The Brown Township Building is a historic building in downtown Ansonia, Ohio, United States. Built in the Italianate style in 1883, this two-story structure has historically been the most prominent structure in Ansonia and Brown Township. From the 1880s until the 1950s, the lower floor was used as the village jail, the post office, the fire station, offices for the village and township governments, and a polling place. Although many of these functions have ceased, the governmental offices and polling place remain. Since the building's construction, the upper floor has continuously been a community center for the village and the township, serving as the location for manifold social events through the years.

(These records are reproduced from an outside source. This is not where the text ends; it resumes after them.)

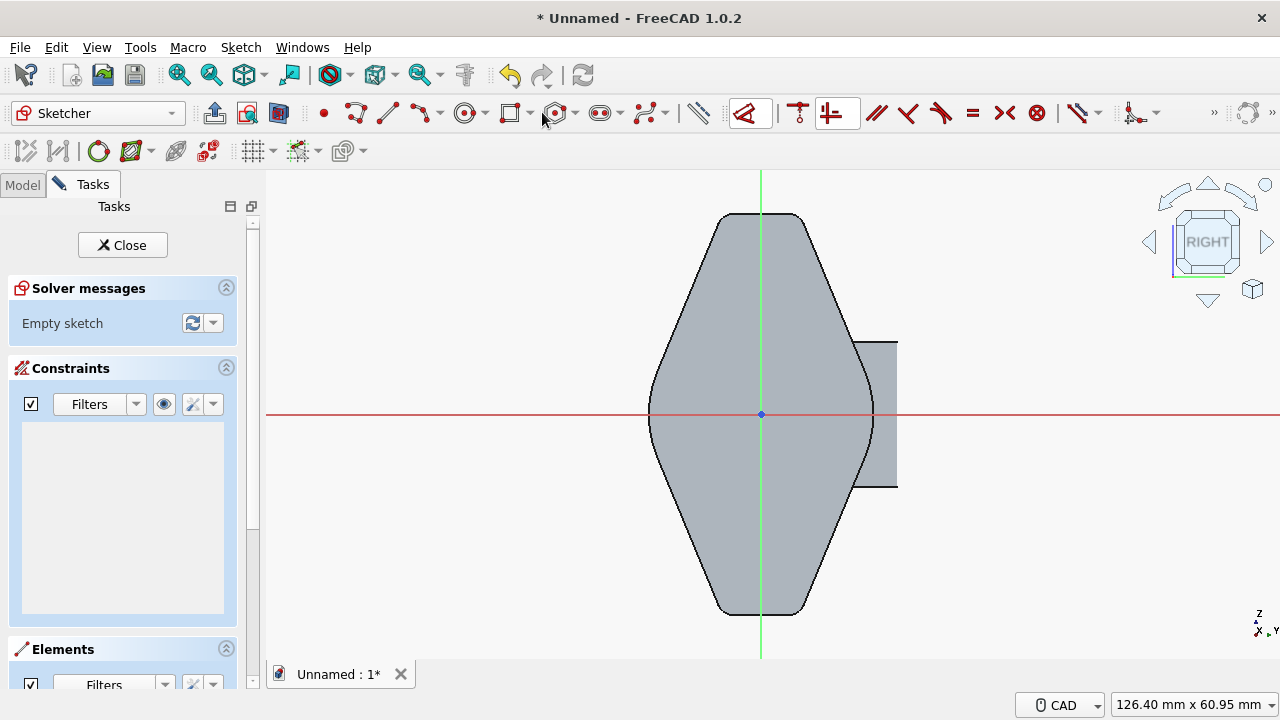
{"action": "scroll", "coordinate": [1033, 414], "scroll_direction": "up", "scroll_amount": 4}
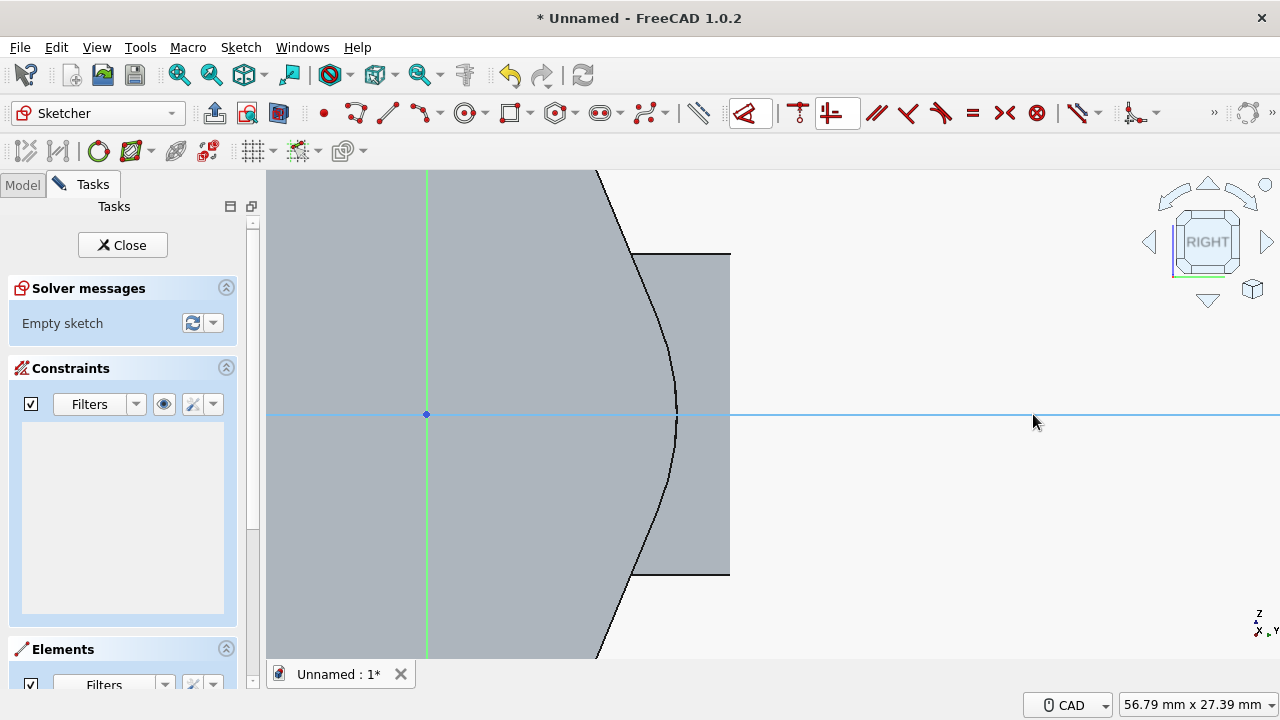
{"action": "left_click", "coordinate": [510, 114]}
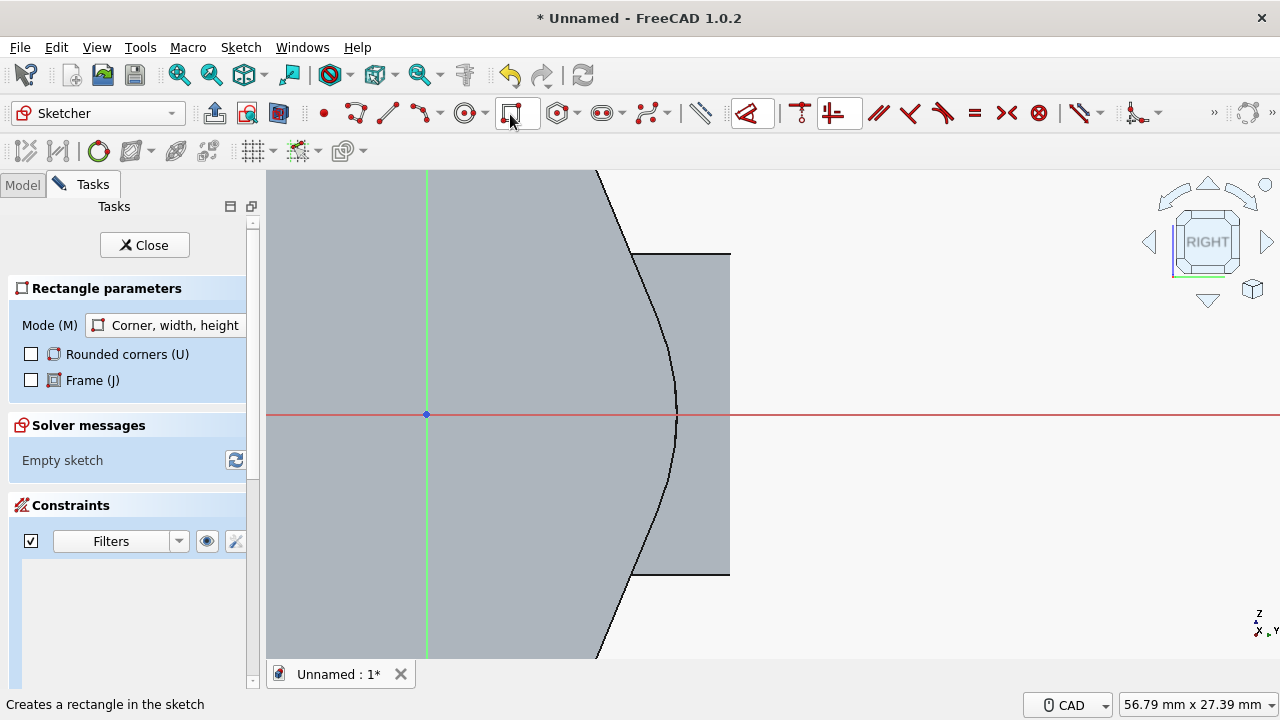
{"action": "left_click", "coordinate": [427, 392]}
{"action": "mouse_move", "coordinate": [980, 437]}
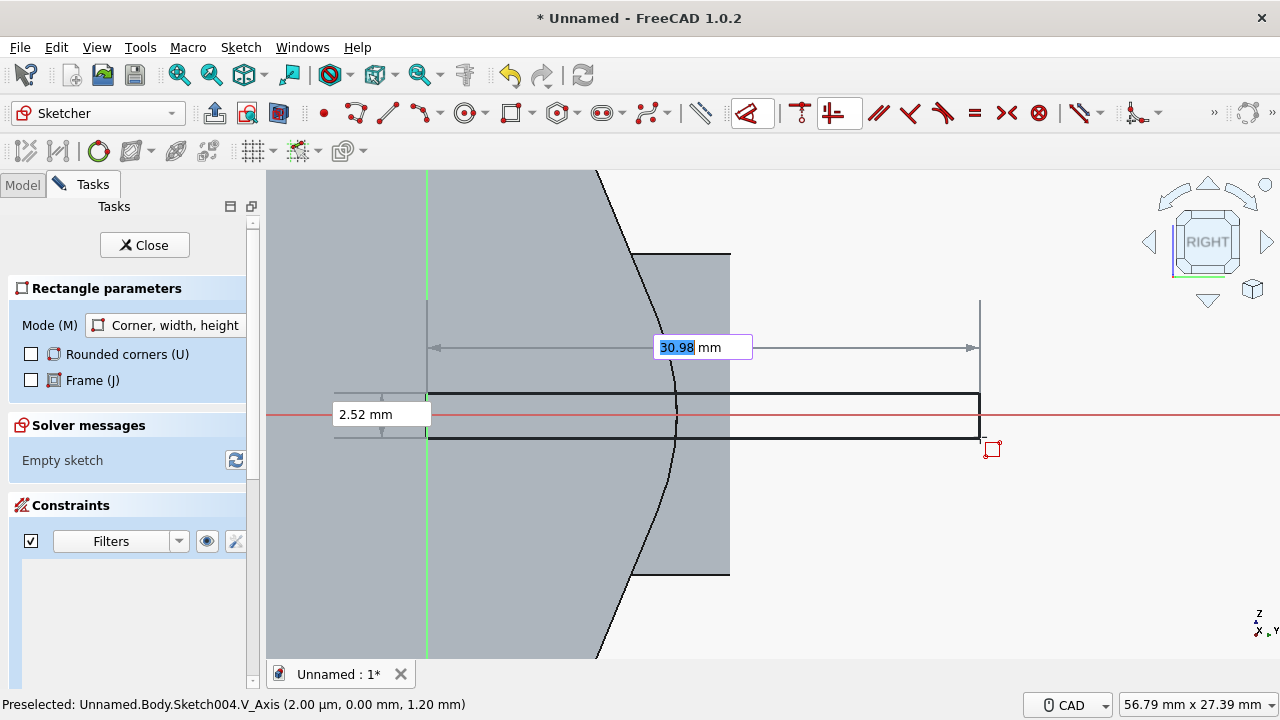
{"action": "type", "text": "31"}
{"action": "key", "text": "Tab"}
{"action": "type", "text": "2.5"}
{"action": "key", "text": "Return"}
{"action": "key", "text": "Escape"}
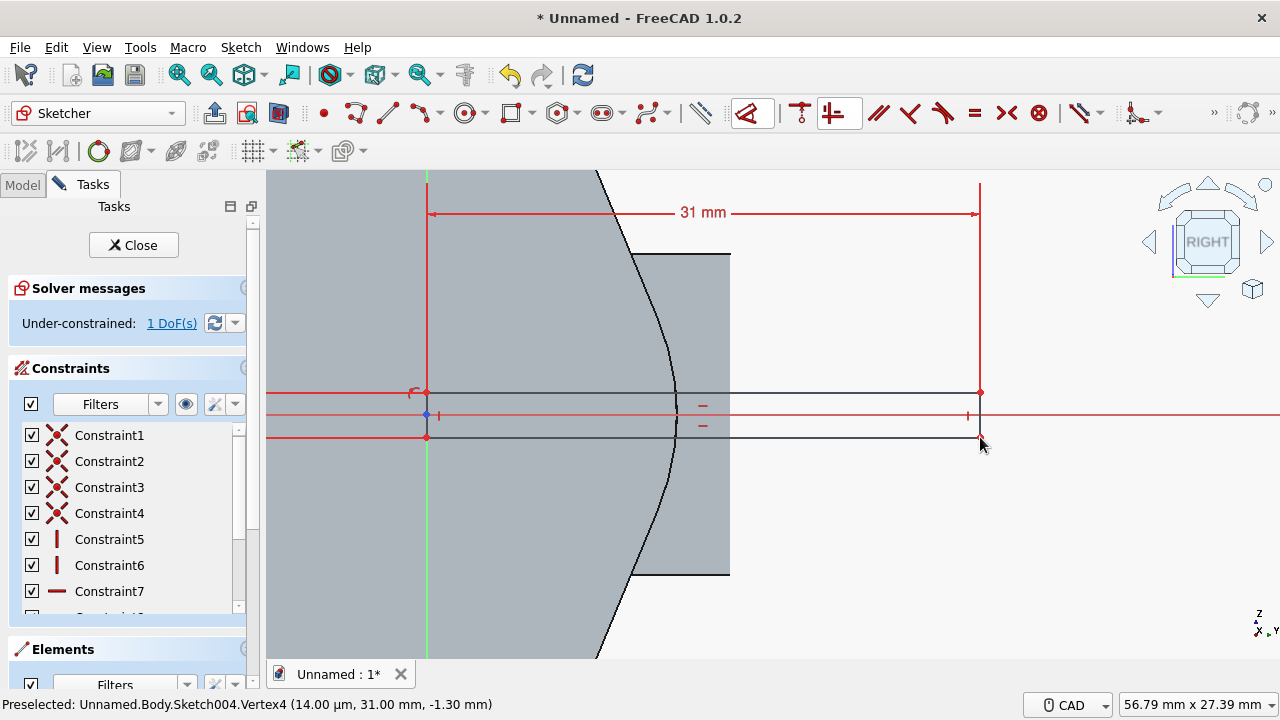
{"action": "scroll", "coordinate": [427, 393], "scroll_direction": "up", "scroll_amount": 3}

Designed by John Fryberger of the Toledo-based Spitzer and Company, the Brown Township Building was built under the direction of O.J. Hager. The walls are of brick, and various elements of brick and metalworking are used to decorate the building. Prominent among these ornaments are decorations on the roofline and at the primary entrance and the windows.

The Brown Township Building has been designated a historic site because of its well-preserved historic architecture and its contribution to local history. Although the building was erected in the 1880s, its historic significance was considered to extend into the period after World War II. This fact complicated the process of designating it a historic site; however, the National Park Service deemed the building worthy for inclusion on the National Register of Historic Places in 1983. It is the only Ansonia building that is listed on the Register.